Father versus mother’s education
Parental education is key determinant that influence children’s schooling decision (De Haan, 2011; Pufall et al., 2016). Educated parents put more emphasis on the education of their children as compared to those parents with low or no education at all (Hill and Duncan, 1987). Educated parents prefer to send their children to full-time school or join schools while working part-time as opposed to those uneducated parents who will let their children to work full-time. (Ravallion and Wodon, 2000). Literature suggests that, that paternal education is more influential than maternal education (Ermisch and Pronzato, 2010; Marks, 2008). We separately include the variable of fathers education and mother education to test for the hypothesis if maternal education has greater effect than paternal on our outcome variable. The result in the Appendix A Table A.4 and A.5 show that the marginal effects on propensity to school enrolment both fathers and mothers education seems to be of similar magnitude. The Fairlie decomposition result in the Appendix A Table A.6 show that mother education contribute higher for ethnic Pahstuns. For the rest of the groups the difference almost remain the same.
Discussion and conclusion
In this chapter, we investigate the differences in school enrolment across ethnic groups in Pakistan and what primary factors account for these differences. The result suggests that there are substantial ethnic disparities in school enrolment in Pakistan. The first part of our result shows that ethnic Pashtuns, Balochs, Sindhis, and Siraykis have much lower enrolment rate, while Mohajirs and Punjabis have comparatively higher enrolment rates.
In the second part, we explored the reasons for these ethnic disparities in enrolment between ethnic majority Punjabis and other ethnic minority groups. The results show that the impact of explanatory variables on child school enrolment varies depending on the ethnic groups. The set of variables included that has the largest coefficients of marginal effects were gender, parental education, and socioeconomic status. However, region and parental education played a considerable role compared to other factors. The results suggest that ethnicity influences school enrolment for children implying that there are historical, cultural and other factors that block these children from their right to have education.

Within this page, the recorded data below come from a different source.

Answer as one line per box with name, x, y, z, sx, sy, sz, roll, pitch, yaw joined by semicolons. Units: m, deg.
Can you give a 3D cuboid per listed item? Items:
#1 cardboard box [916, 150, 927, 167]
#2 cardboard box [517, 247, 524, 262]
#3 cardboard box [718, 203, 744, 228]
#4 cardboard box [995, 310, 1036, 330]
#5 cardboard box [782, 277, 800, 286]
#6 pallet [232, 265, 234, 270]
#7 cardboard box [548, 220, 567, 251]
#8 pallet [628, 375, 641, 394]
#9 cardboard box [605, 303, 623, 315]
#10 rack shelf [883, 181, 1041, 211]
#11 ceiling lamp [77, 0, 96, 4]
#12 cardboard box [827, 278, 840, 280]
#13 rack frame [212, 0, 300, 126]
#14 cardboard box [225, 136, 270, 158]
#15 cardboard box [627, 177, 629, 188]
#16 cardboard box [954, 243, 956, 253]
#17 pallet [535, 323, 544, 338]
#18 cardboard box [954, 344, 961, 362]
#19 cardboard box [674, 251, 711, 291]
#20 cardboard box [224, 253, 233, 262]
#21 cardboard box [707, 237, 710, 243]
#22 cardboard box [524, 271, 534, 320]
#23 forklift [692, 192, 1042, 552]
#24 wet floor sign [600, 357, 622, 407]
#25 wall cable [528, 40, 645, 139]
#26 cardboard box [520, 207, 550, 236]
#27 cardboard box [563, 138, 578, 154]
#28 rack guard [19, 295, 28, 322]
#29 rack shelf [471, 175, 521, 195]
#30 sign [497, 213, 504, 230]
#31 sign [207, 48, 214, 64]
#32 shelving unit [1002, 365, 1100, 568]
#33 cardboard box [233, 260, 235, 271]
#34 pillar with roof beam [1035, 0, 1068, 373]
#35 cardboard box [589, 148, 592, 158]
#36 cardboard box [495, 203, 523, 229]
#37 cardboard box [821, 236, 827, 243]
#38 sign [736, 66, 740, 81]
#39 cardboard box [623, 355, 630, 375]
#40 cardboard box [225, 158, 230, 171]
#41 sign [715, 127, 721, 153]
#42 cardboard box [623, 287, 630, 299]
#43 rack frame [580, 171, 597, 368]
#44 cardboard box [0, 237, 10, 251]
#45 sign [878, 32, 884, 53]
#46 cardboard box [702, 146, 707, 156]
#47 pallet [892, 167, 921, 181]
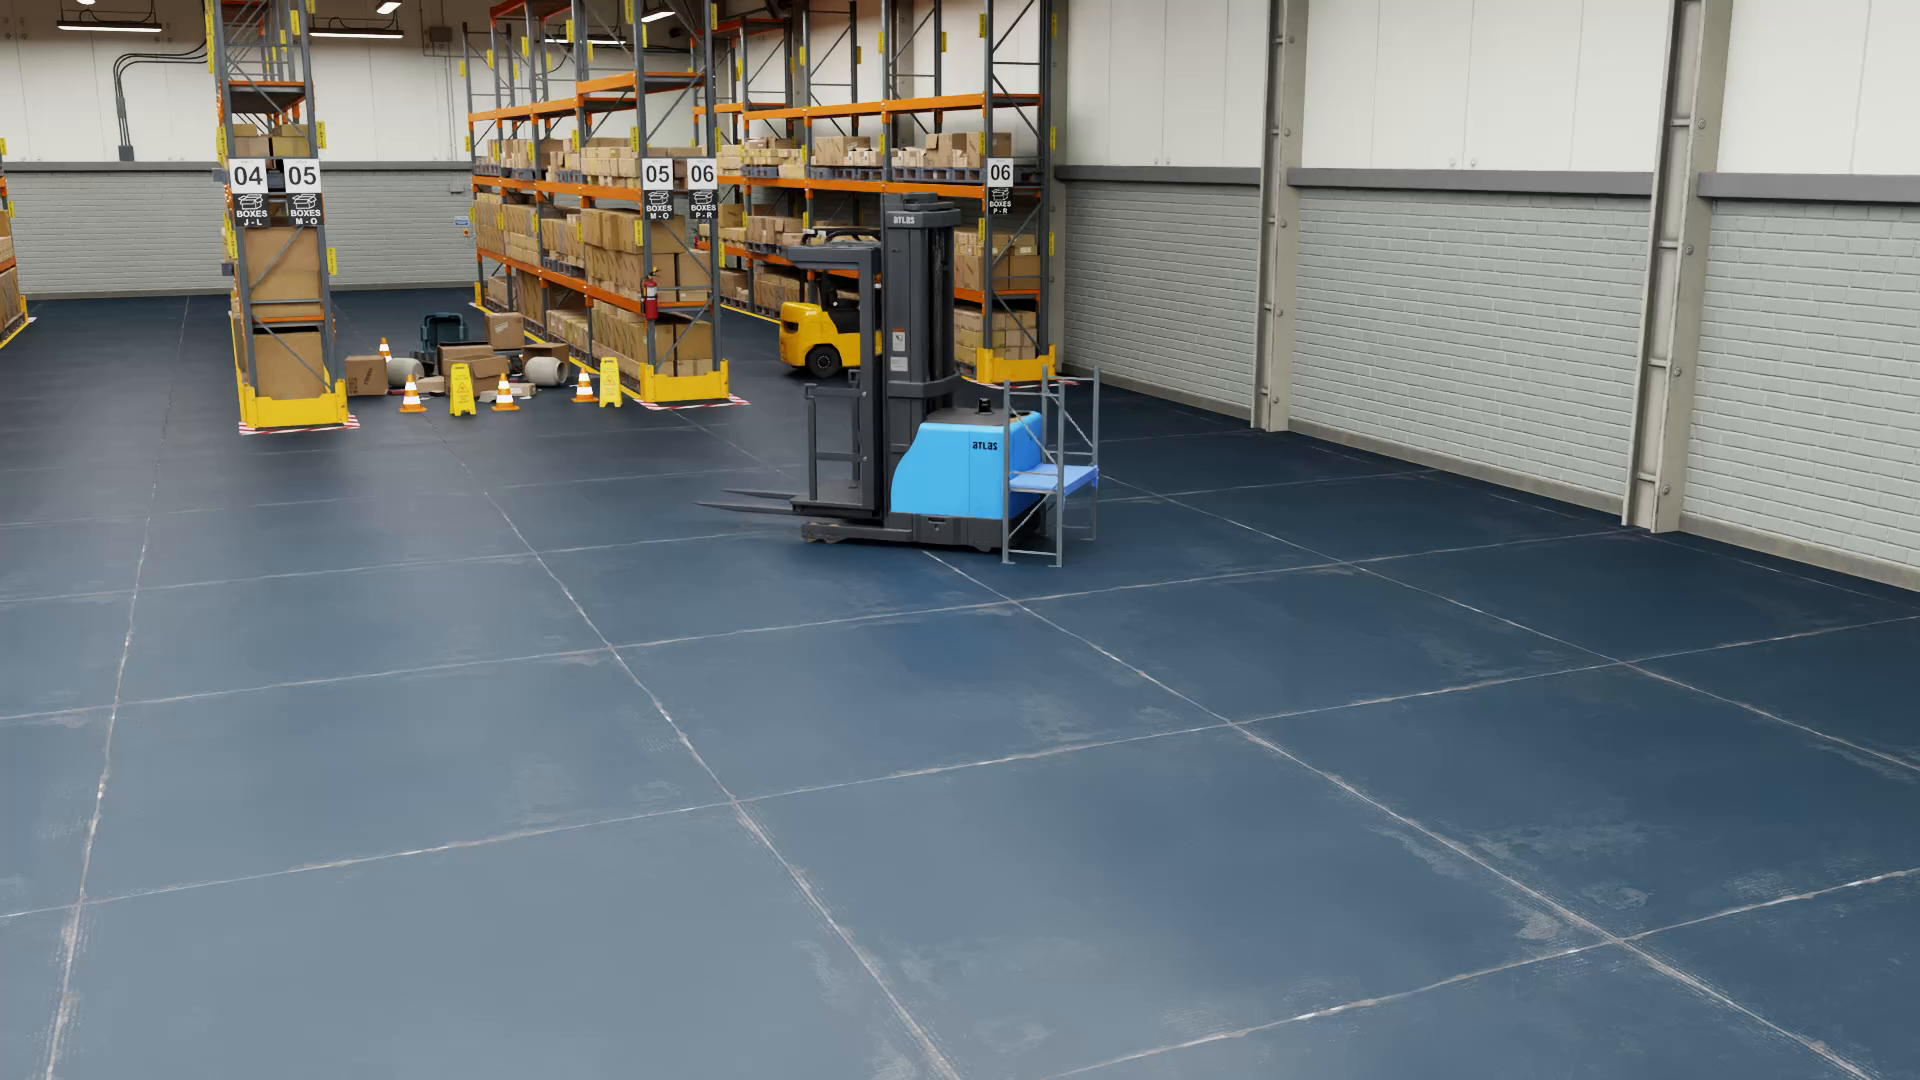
cardboard box;-0.465;-5.972;26.012;0.396;0.266;0.258;-6;14;-24
cardboard box;-8.007;-5.354;31.184;0.500;0.250;0.500;-6;14;-24
cardboard box;-5.052;-7.145;36.598;0.500;0.500;0.500;-5;14;-22
cardboard box;0.802;-3.299;24.919;0.500;0.250;0.500;-6;14;-24
cardboard box;-3.319;-5.141;33.105;0.380;0.149;0.250;-6;14;-26
pallet;-12.256;-4.878;29.218;1.003;0.211;1.213;-6;14;-23
cardboard box;-6.747;-5.211;28.420;0.500;0.500;0.500;-5;14;-20
pallet;-4.049;-2.209;23.447;1.003;0.211;1.213;-6;14;-23
cardboard box;-5.026;-3.415;24.537;0.380;0.149;0.250;-5;14;-20
rack shelf;0.020;-5.354;25.794;1.077;0.370;4.000;-6;14;-23
ceiling lamp;-14.753;-10.808;28.166;0.800;3.185;2.000;-6;14;-23
cardboard box;-2.586;-5.088;32.873;0.380;0.149;0.250;-6;14;-26
rack frame;-9.823;-6.662;23.198;1.000;3.000;0.127;-6;14;-23
cardboard box;-8.673;-4.775;20.218;0.500;0.250;0.500;-5;14;-22
cardboard box;-4.330;-4.875;22.685;0.380;0.149;0.250;-5;14;-21
cardboard box;0.009;-4.454;25.299;0.380;0.149;0.250;-6;14;-25
pallet;-7.177;-3.845;30.515;1.003;0.211;1.213;-6;14;-23
cardboard box;0.153;-2.867;25.272;0.500;0.250;0.500;-6;14;-23
cardboard box;-3.661;-3.697;22.812;0.500;0.500;0.500;-6;14;-24
cardboard box;-12.044;-4.708;27.687;0.380;0.149;0.250;-5;14;-22
cardboard box;-5.564;-6.872;37.968;0.380;0.149;0.250;-5;14;-22
cardboard box;-7.842;-4.723;31.904;0.875;0.875;0.875;-5;14;-21
forklift;-0.849;-1.505;14.373;3.031;2.935;1.130;4;14;18
wet floor sign;-4.630;-2.098;22.004;0.267;0.644;0.232;-1;13;-4
wall cable;-9.414;-11.089;42.240;2.988;3.039;0.133;-6;14;-23
cardboard box;-7.783;-5.861;30.603;0.500;0.500;0.500;-6;14;-23
cardboard box;-6.106;-6.361;26.841;0.500;0.250;0.500;-5;14;-22
rack guard;-19.225;-4.579;33.044;1.175;0.500;0.348;-6;14;-23
rack shelf;-9.334;-7.384;34.566;1.077;0.370;4.000;-6;14;-23
sign;-9.040;-6.270;32.713;0.100;0.325;0.005;-6;14;-23
sign;-13.532;-8.763;30.030;0.100;0.325;0.005;-6;14;-23
shelving unit;0.764;-0.636;13.793;0.538;1.500;1.048;5;14;20
cardboard box;-11.287;-4.393;26.475;0.500;0.500;0.500;-6;14;-24
pillar with roof beam;-2.577;-6.589;22.883;9.100;9.000;0.400;-6;14;-23
cardboard box;-5.272;-5.734;24.628;0.380;0.149;0.250;-6;14;-25
cardboard box;-8.975;-6.469;33.227;0.500;0.500;0.500;-6;14;-23
cardboard box;-2.230;-5.436;30.429;0.500;0.250;0.500;-5;14;-21
sign;-5.072;-10.637;37.947;0.100;0.325;0.005;-6;14;-23
cardboard box;-4.496;-2.496;23.670;0.500;0.250;0.500;-6;14;-23
cardboard box;-8.664;-4.543;20.100;0.380;0.149;0.250;-6;14;-23
sign;-3.229;-5.317;22.101;0.100;0.325;0.005;-6;14;-23
cardboard box;-4.489;-3.464;23.242;0.380;0.149;0.250;-5;14;-22
rack frame;-5.328;-4.207;25.896;1.000;3.000;0.127;-6;14;-23
cardboard box;-18.575;-5.682;31.942;0.500;0.250;0.500;-6;14;-24
sign;-1.274;-8.021;26.824;0.100;0.325;0.005;-6;14;-23
cardboard box;-5.454;-8.691;37.182;0.500;0.250;0.500;-6;14;-23
pallet;-0.416;-5.901;26.757;1.003;0.211;1.213;-6;14;-23

The analysis generates more refined policy implications. For example, enhancing household income or reducing poverty would help increasing school attendance, but it will not work for all ethnic groups living in Pakistan. Our analysis of this study identified that place of residence, and household characteristics, along with unobservable characteristics, are responsible for the disparities in school enrolment. In order to have further progress towards universal enrolment, our analysis proposes a number of possibilities. Conditional cash transfer (Ladhani and Sitter, 2020) and offering transportation to pupils could be one solution since education is free and it is the state’s responsibility to provide the students with vouchers (see for example (Moe, 2004)). The government should provide bus service or any other means of transportation to increase enrolment and reduce dropout rates. The numbers of private schools are mostly established in cities and large population hubs; it could be extended to the marginalised ethnic groups with the help of public-private partnership. Ethnic-based policies aimed at encouraging entrance to school could ensure progress towards achieving universal enrolment. Future research should be directed towards gender gaps in educational outcomes in ethnic groups.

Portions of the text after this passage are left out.